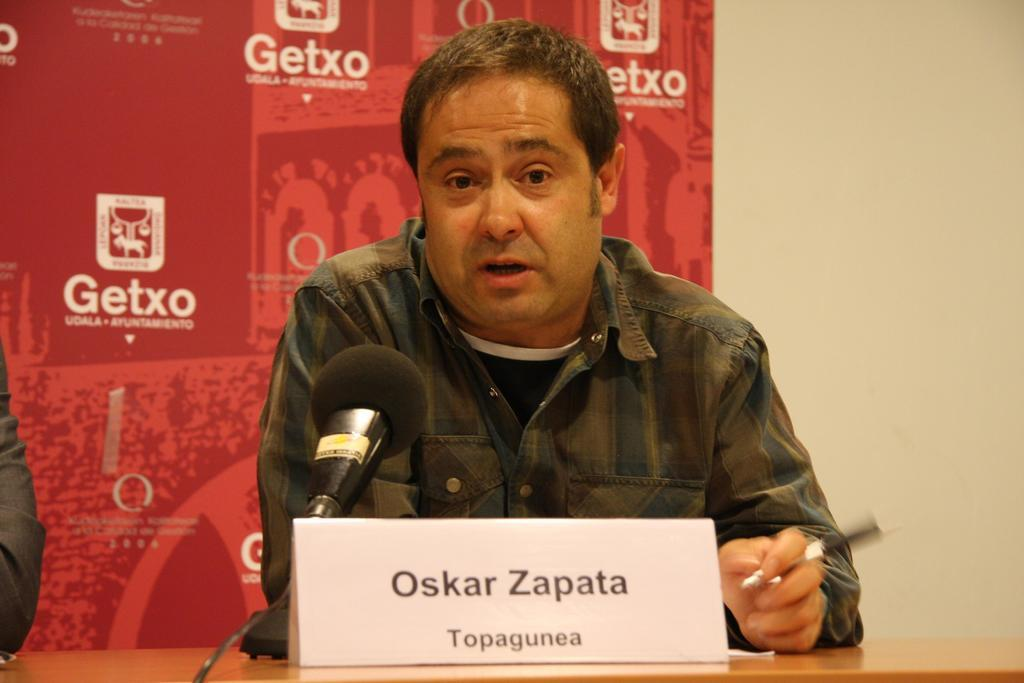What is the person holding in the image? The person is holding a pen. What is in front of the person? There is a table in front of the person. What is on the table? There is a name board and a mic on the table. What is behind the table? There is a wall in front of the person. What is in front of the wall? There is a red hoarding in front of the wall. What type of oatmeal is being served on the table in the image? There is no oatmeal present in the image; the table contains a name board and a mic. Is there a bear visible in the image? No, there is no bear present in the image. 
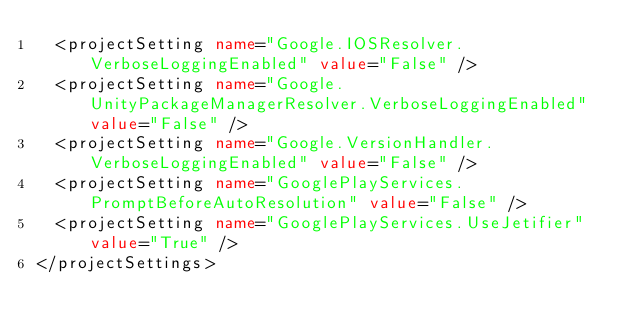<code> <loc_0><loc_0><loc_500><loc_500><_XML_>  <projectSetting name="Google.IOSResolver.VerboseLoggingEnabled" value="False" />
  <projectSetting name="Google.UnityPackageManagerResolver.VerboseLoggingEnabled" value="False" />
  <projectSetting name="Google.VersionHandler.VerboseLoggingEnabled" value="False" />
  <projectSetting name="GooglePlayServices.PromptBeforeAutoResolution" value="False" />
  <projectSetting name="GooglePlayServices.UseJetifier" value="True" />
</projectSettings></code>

• Task:
Where a line in the entries holds the word "GooglePlayServices", copy that line.

• Your solution:
  <projectSetting name="GooglePlayServices.PromptBeforeAutoResolution" value="False" />
  <projectSetting name="GooglePlayServices.UseJetifier" value="True" />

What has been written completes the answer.